At the end of the stack, NFT artists are excited about this progress as it means more speculation/investment in their art, but if the purpose of web3 is to avoid the pitfalls of web2, we should be concerned that this is already These should provide a natural trend for different future new protocols.

I think these market forces are likely to persist, and the question for how long, in my opinion, is whether the massive accumulation of cryptocurrency ends up in the engine or the funnel. If the money flowing through the NFT ends up flowing back into the crypto space, it may continue to accelerate forever (regardless of whether it’s just web2x2). If it comes out in large numbers, then it’s going to be a flash in the pan. Personally, I think enough money has been made at this point that there are enough faucets to keep it going, and it’s not just a flash in the pan. If that’s the case, it seems worth considering how urgently you can avoid web3 becoming web2x2 (web2 but with less privacy).

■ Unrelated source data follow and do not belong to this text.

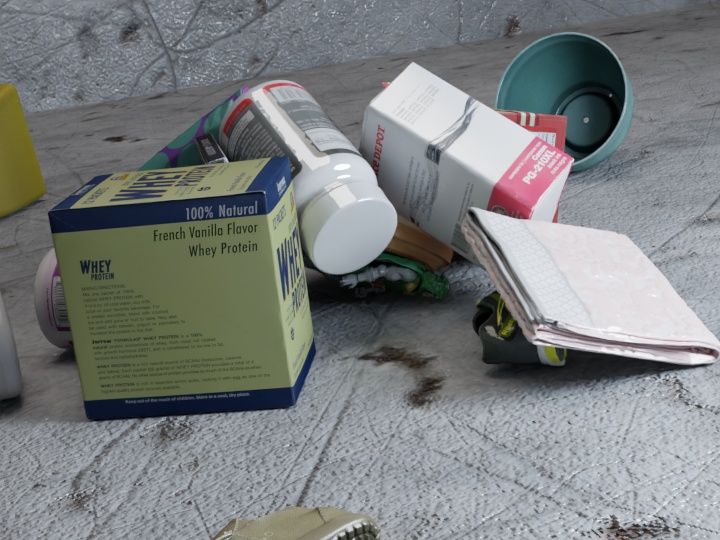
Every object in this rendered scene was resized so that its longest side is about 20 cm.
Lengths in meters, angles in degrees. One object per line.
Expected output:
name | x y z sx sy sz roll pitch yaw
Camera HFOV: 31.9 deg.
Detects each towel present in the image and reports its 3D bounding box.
towel | 0.204 0.011 1.138 0.191 0.032 0.200 9 29 -22

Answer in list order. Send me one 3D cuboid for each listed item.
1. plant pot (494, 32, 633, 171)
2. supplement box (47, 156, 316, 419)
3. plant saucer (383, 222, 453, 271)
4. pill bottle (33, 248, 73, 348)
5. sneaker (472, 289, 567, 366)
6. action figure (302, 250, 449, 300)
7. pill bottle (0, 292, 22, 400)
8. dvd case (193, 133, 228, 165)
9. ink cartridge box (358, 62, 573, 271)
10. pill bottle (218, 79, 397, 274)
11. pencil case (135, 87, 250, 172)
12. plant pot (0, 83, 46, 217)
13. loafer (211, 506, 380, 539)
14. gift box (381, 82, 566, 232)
plant pot | 0.315 -0.232 1.849 0.200 0.201 0.134 3 -8 31
supplement box | -0.157 0.014 1.162 0.199 0.200 0.134 -5 17 8
plant saucer | 0.005 -0.035 1.412 0.200 0.032 0.200 16 -6 2
pill bottle | -0.226 0.025 1.309 0.199 0.113 0.112 -1 18 17
sneaker | 0.147 0.032 1.195 0.084 0.075 0.200 -6 17 6
action figure | 0.000 0.000 1.368 0.199 0.055 0.118 11 -10 15
pill bottle | -0.429 0.088 1.187 0.199 0.113 0.112 -13 18 -19
dvd case | -0.125 -0.037 1.320 0.025 0.200 0.150 -20 19 -7
ink cartridge box | 0.102 -0.100 1.295 0.200 0.145 0.084 34 61 15
pill bottle | -0.054 -0.094 1.276 0.114 0.114 0.200 -16 48 -26
pencil case | -0.182 -0.117 1.420 0.200 0.085 0.092 -35 -4 13
plant pot | -0.650 -0.167 2.013 0.199 0.200 0.177 -3 28 13
loafer | -0.074 0.195 0.764 0.200 0.076 0.067 -9 13 -44
gift box | 0.108 -0.121 1.479 0.200 0.185 0.186 3 6 -44

Creativity may not be enough

I’m just fumbling around in the waters of web3. However, from the perspective of these small projects, I can easily see why so many people think the web3 ecosystem is so clean. I don’t think it will free us from centralized platforms, I don’t think it will fundamentally change our relationship with technology, and I think the privacy story is already below the internet’s standard (which is a pretty low one!) , but I also understand why nerds like me get excited about it. It’s at least nerdy-level new – it creates a space for creativity/exploration, somewhat reminiscent of the early days of the internet. Ironically, part of this creativity may stem from the limitations that make web3 so unwieldy.

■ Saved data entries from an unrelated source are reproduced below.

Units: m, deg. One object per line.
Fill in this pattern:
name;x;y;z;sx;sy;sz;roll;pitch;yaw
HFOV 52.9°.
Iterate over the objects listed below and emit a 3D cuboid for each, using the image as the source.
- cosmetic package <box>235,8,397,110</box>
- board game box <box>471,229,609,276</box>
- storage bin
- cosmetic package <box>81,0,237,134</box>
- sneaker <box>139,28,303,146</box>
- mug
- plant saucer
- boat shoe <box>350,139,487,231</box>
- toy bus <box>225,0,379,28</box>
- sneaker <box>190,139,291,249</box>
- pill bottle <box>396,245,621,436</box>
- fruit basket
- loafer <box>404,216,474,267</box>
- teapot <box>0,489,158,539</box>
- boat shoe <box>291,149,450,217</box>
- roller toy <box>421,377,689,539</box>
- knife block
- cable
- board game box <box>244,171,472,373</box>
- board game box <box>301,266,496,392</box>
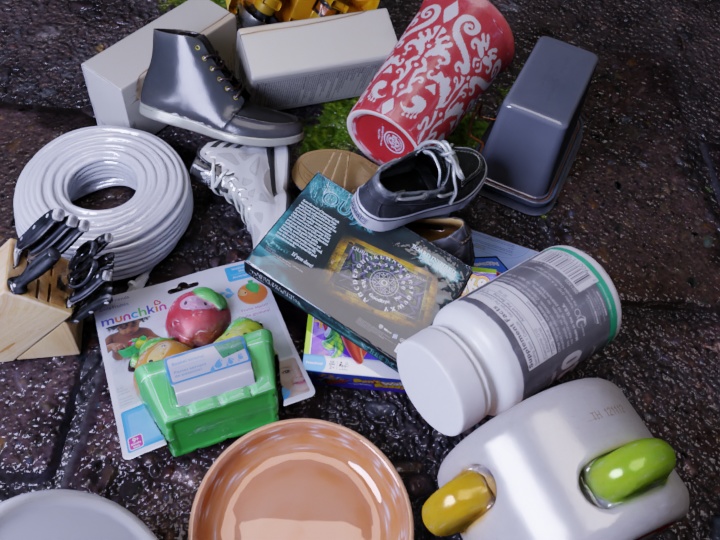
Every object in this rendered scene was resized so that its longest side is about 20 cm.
cosmetic package;-0.059;-0.274;0.953;0.199;0.104;0.074;-14;79;-17
board game box;0.183;0.016;0.840;0.199;0.020;0.103;19;54;8
storage bin;0.220;-0.200;0.929;0.145;0.135;0.200;24;55;11
cosmetic package;-0.252;-0.261;0.942;0.073;0.104;0.200;33;59;16
sneaker;-0.158;-0.214;0.850;0.198;0.107;0.075;12;23;-4
mug;0.091;-0.210;0.889;0.133;0.178;0.200;16;62;42
plant saucer;-0.052;0.233;0.650;0.198;0.038;0.201;3;55;-4
boat shoe;0.076;-0.103;0.768;0.198;0.068;0.074;-18;68;-37
toy bus;-0.096;-0.417;1.022;0.199;0.136;0.193;11;42;-36
sneaker;-0.141;-0.080;0.832;0.114;0.076;0.201;8;44;-14
pill bottle;0.139;0.064;0.682;0.199;0.113;0.113;-27;61;-24
fruit basket;-0.162;0.072;0.720;0.184;0.094;0.201;-15;54;-16
loafer;0.030;-0.038;0.820;0.198;0.073;0.073;0;52;8
teapot;-0.237;0.278;0.538;0.197;0.146;0.201;25;27;-28
boat shoe;0.013;-0.091;0.872;0.199;0.069;0.071;17;76;16
roller toy;0.164;0.184;0.619;0.199;0.182;0.140;-34;60;11
knife block;-0.332;0.015;0.690;0.198;0.176;0.064;-5;54;-9
cable;-0.294;-0.080;0.827;0.199;0.069;0.200;25;56;12
board game box;0.000;0.000;0.744;0.199;0.028;0.136;33;64;8
board game box;0.043;0.058;0.767;0.198;0.045;0.135;5;64;-2

If we do want to change our relationship with technology, I think we have to do it consciously. My basic idea is roughly:

First, we should accept the premise that people don’t run their own servers by designing systems that can decentralize trust without decentralizing infrastructure. This means that the architecture can expect and accept the corollary of a relatively centralized client/server relationship, but use cryptography (rather than infrastructure) to distribute trust. Although web3 is built on “crypto”, one of the things that surprises me is how little cryptography seems to be involved!

Second, we should try to reduce the burden of building software as much as possible. At this point, software projects require a lot of manpower. Even a relatively simple application requires a group of people to sit in front of a computer for eight hours a day, every day, forever. This wasn’t always the case, and there was a time when 50 people working on a software project weren’t considered a “small team”.

As long as software requires such coordinated energy and such highly specialized human focus, I think it will tend to serve the interests of the people who sit in that room every day, rather than the broader goals we might think. I think changing our relationship with technology may require making software easier to create, but in my lifetime I’ve seen the opposite happen. Unfortunately.

Posted by:CoinYuppie,Reprinted with attribution to:https://coinyuppie.com/founder-of-signal-after-developing-two-decentralized-applications-i-found-that-web3-may-be-a-false-proposition/
Coinyuppie is an open information publishing platform, all information provided is not related to the views and positions of coinyuppie, and does not constitute any investment and financial advice. Users are expected to carefully screen and prevent risks.